21歳で今シーズン急成長を遂げているルアーナ・シルバは、ベルズ戦に続いてキャリア2度目のファイナル進出。これはブラジル人選手としては2007年のシルヴァナ・リマ以来の快挙であり、しかもファイナルまでの道のりでは、ケイトリン・シマーズ(USA)、タイラー・ライト(AUS)、キャロライン・マークス(USA)という歴代ワールドチャンピオンを次々と破る快進撃を見せた。

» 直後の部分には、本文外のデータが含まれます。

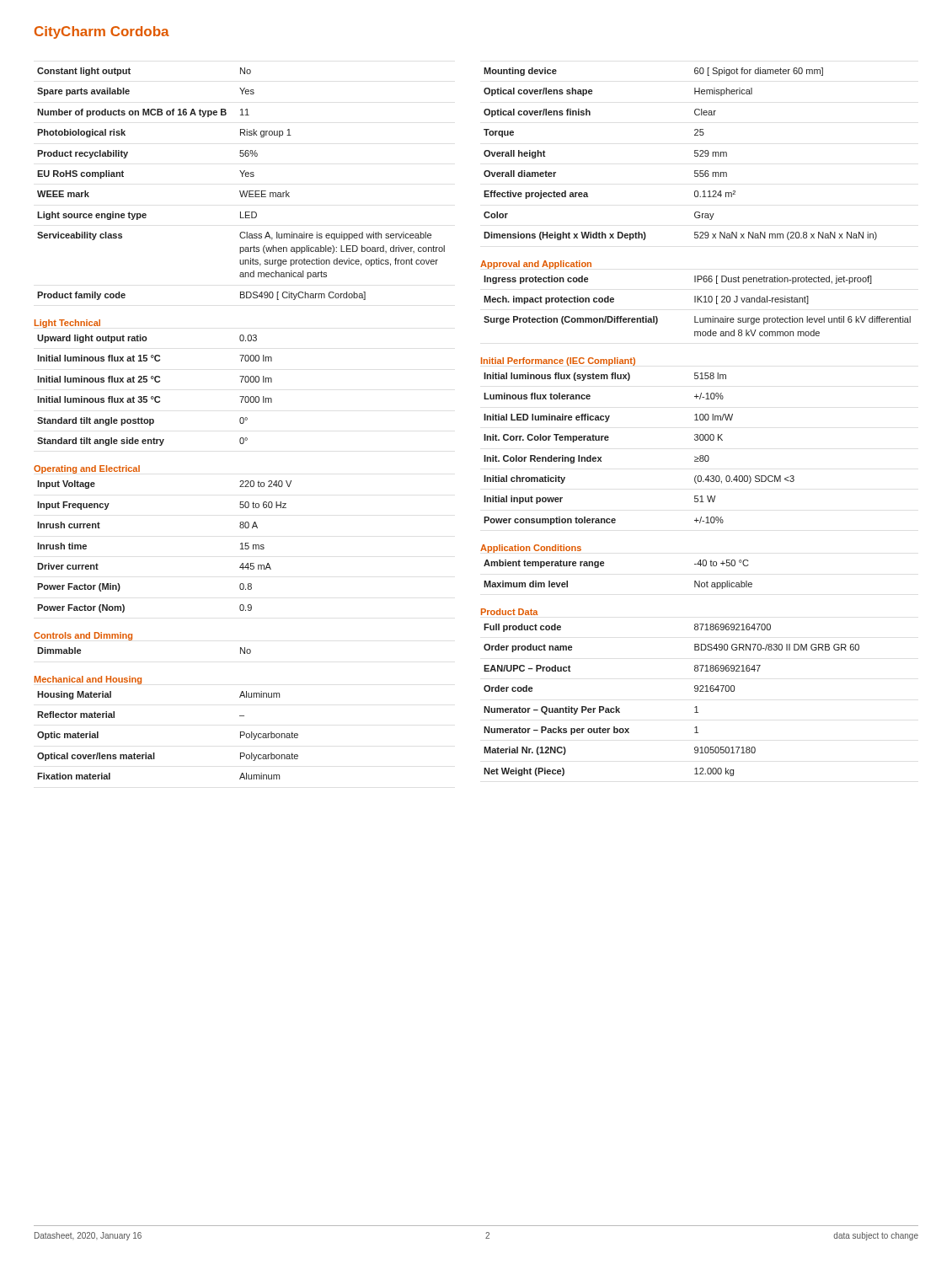Select the table that reads "Dimmable"

click(244, 651)

「本当に素晴らしい1年よ。ブラジルでのこの1週間は特別な時間だった。家族みんなが応援に来てくれて、南ブラジルからは叔母まで駆けつけてくれたの。久しぶりに会えて本当に嬉しかった。ビーチにいた全ての皆さんにも心から感謝したい。信じられないくらいのサポートで、それが私を最後まで突き動かしてくれたの」


PHOTO: © WSL/Camila Othon
レギュラーシーズンの残り2戦は南アフリカとタヒチ。
7月11日〜20日に第10戦『Corona Cero Open J-Bay』が世界屈指のライトのポイントブレイク「J-Bay」で開催される。
『VIVO Rio Pro』結果
1位 コール・ハウシュマンド(USA)
2位 グリフィン・コラピント(USA)
3位 ミゲル・プーポ(BRA)、イーサン・ユーイング(AUS)
5位 ヤゴ・ドラ(BRA)、ジェイク・マーシャル(USA)、ジョーディ・スミス(RSA)、イタロ・フェレイラ(BRA)
ウィメンズ
1位 モリー・ピックラム(AUS)
2位 ルアーナ・シルヴァ(BRA)
3位 キャロライン・マークス(USA)、エリン・ブルックス(CAN)
5位 タティアナ・ウェストン・ウェブ(BRA)、タイラー・ライト(AUS)、アレナ・ロドリゲス(PER)、レイキー・ピーターソン(USA)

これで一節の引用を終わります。